Your expertise would be greatly appreciated.


Super Moderator
You already have a good start!
Why was the training rushed?
Why was the training ineffective?
Why were the errors not picked up in final inspection?

There's no real secret formula with the 5-why approach. There's no rule for using exactly 5 whys - more or less may be needed. Keep asking why until something is revealed (root cause) that, if you fix that, the problem won't occur again. And remember there's no rule that only 1 root cause exists - may well be more. Your questioning may take you down multiple paths.
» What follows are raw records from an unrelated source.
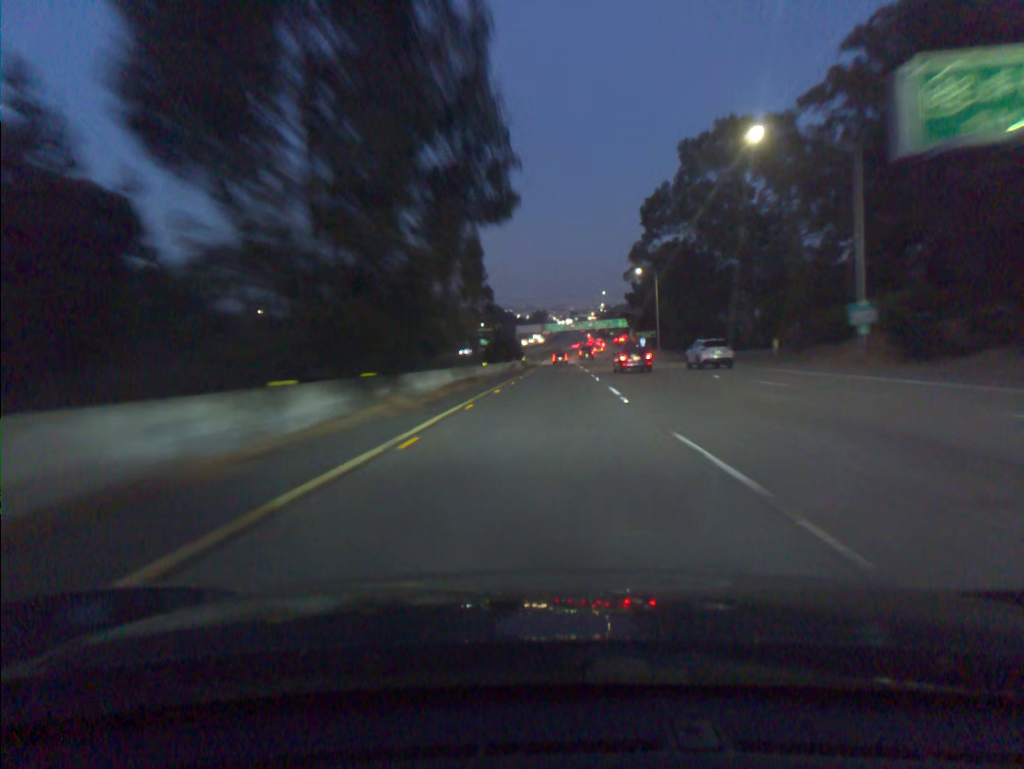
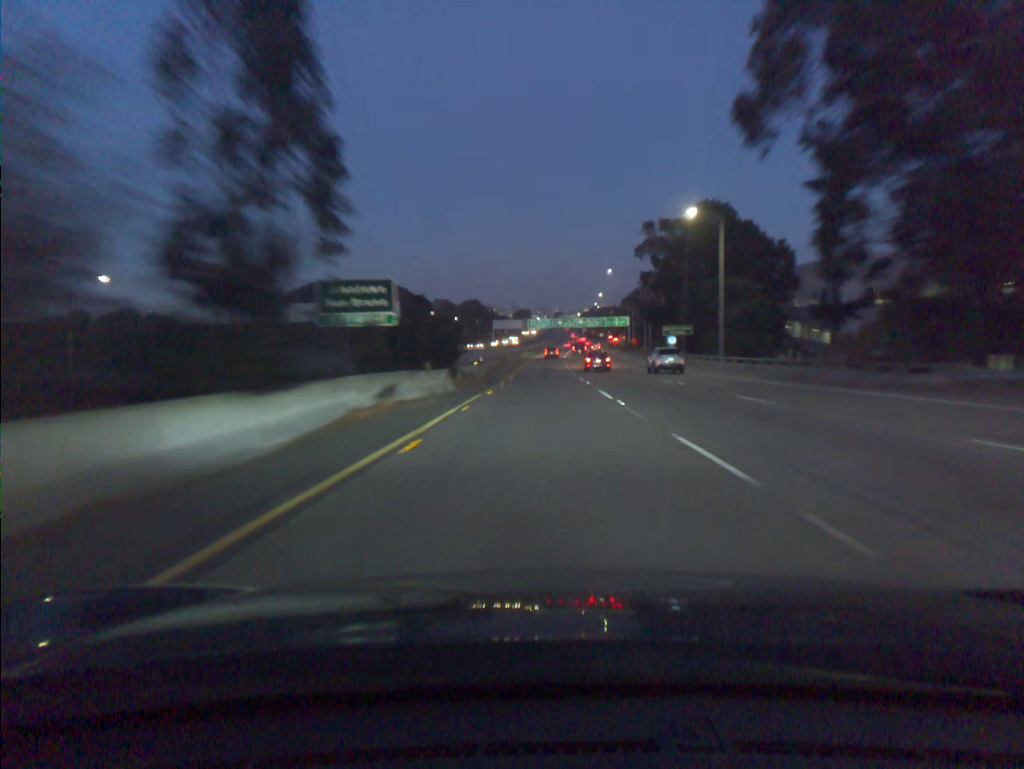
(+0.8, +44.7) m; +1°
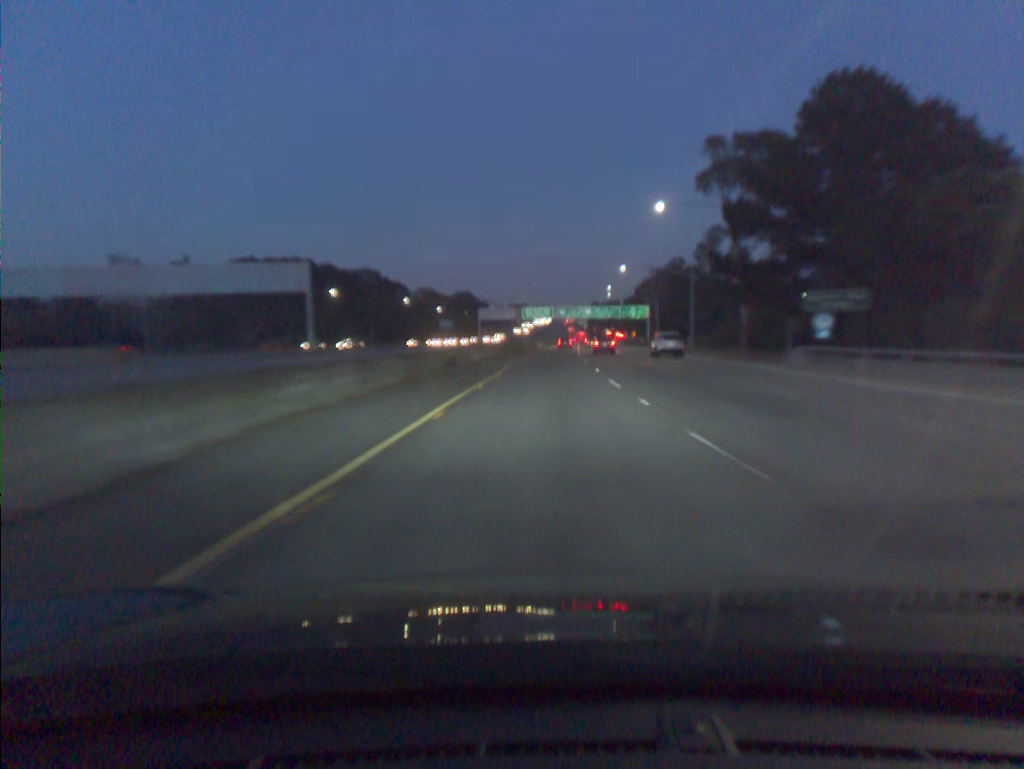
(0.0, +46.0) m; 0°
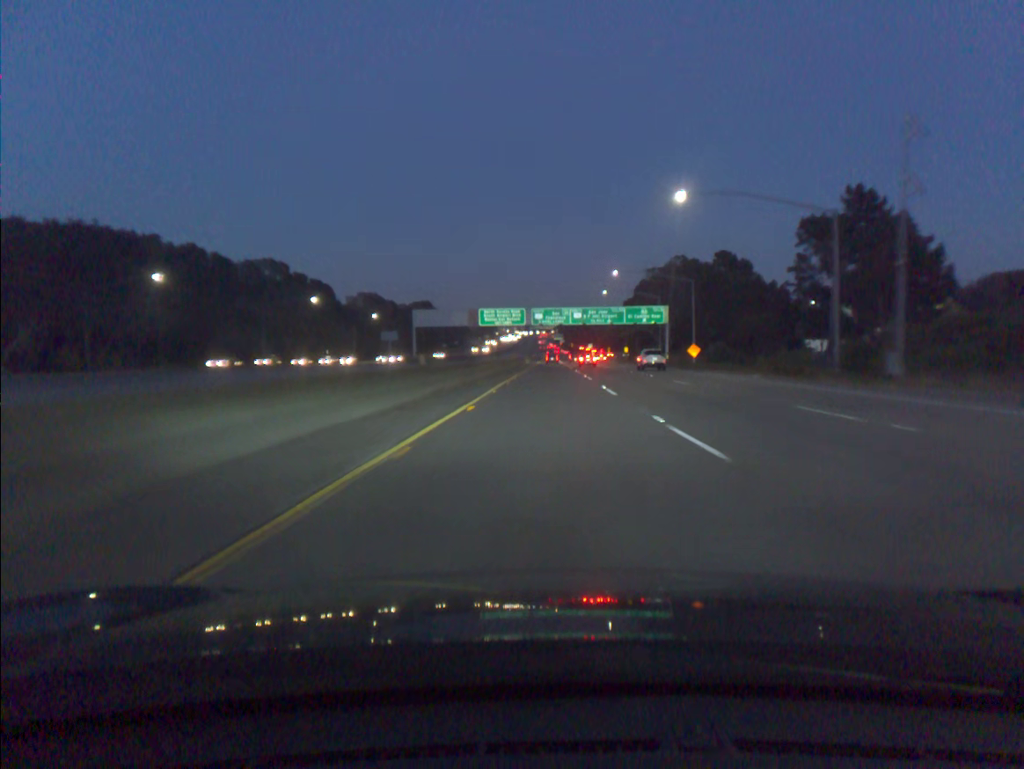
(+1.0, +63.1) m; +2°
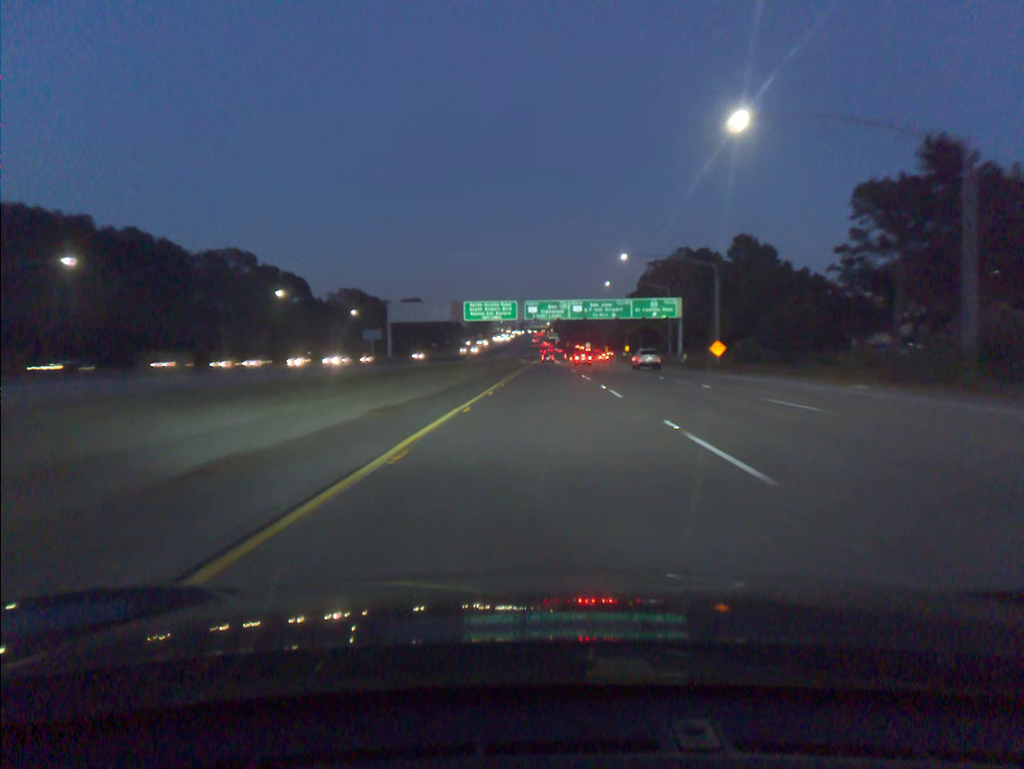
(+0.1, +16.1) m; 0°
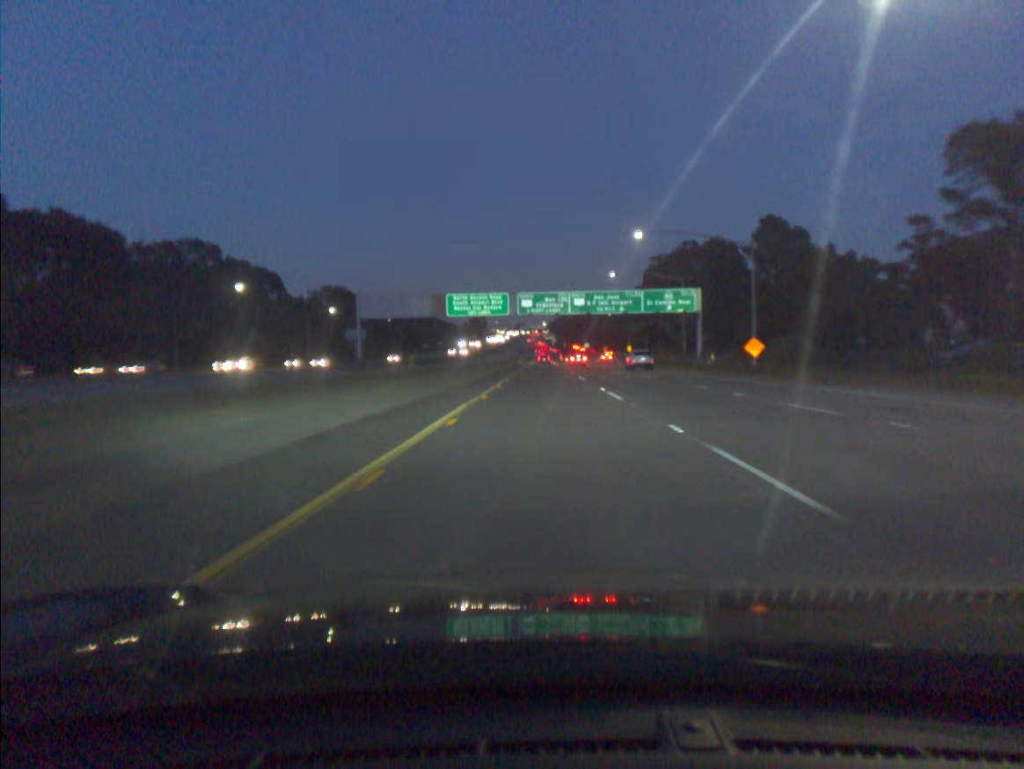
(0.0, +16.2) m; 0°
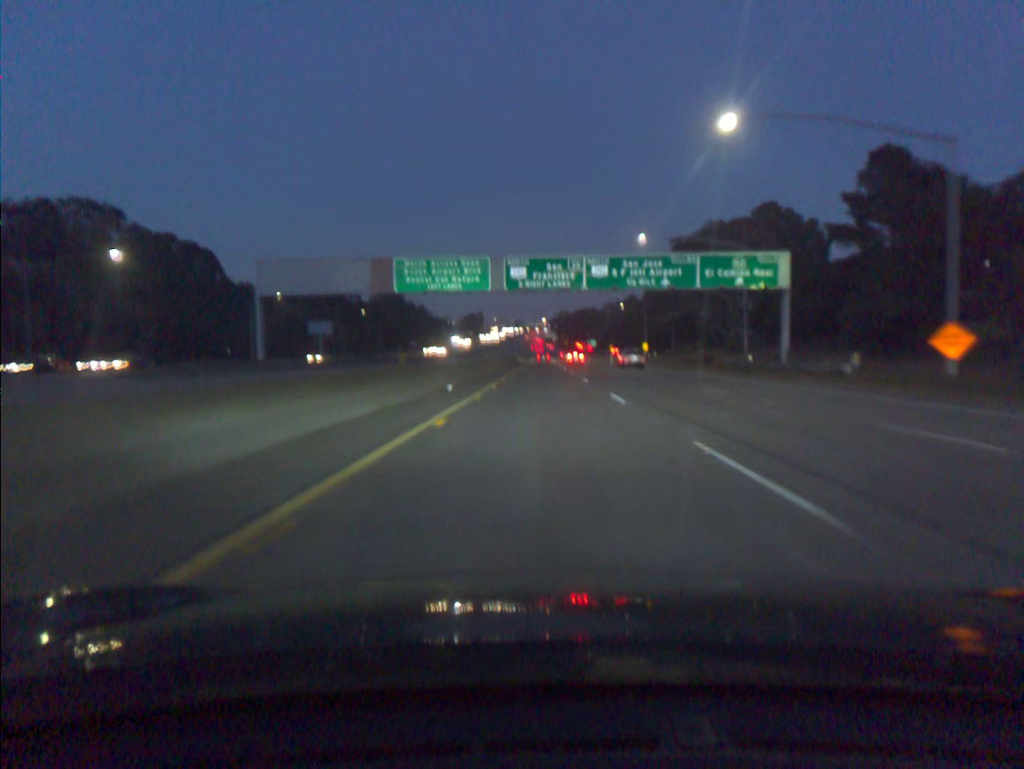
(+0.1, +32.8) m; 0°

Any of the above questions may result in unique causes.

Also, there are other problem solving tools (fishbone, FTA, etc.) that you may find are more intuitive to use.


Trusted Information Resource
I'd do something like:
  • Why customer received incorrectly packaged product?
    • Packaged incorrectly by staff
      • Why?
        • Staff didn't follow packaging procedure
          • Why?
            • Staff lacked experience
              • Why?
                • Training inadequate, etc.
            • Or...perhaps staff knew but ignored procedure
            • etc.
    • Incorrect packaging not detected in final inspection
      • Why?
        • .....

Edit: Also, I sometimes find that the question "why?" is implicitly taken as something like "why didn't this work as expected?", which can be unhelpful since a gazillion things might cause some process not work, so one's mind just gets lost in all the possibilities. Instead, sometimes I find it helpful to as ask instead "what had to happen for this occur exactly as it did?" That is, frame it in the positive instead of the negative. This way one's mind tends to hone in on just the things that made it exactly that way. I hope that makes sense.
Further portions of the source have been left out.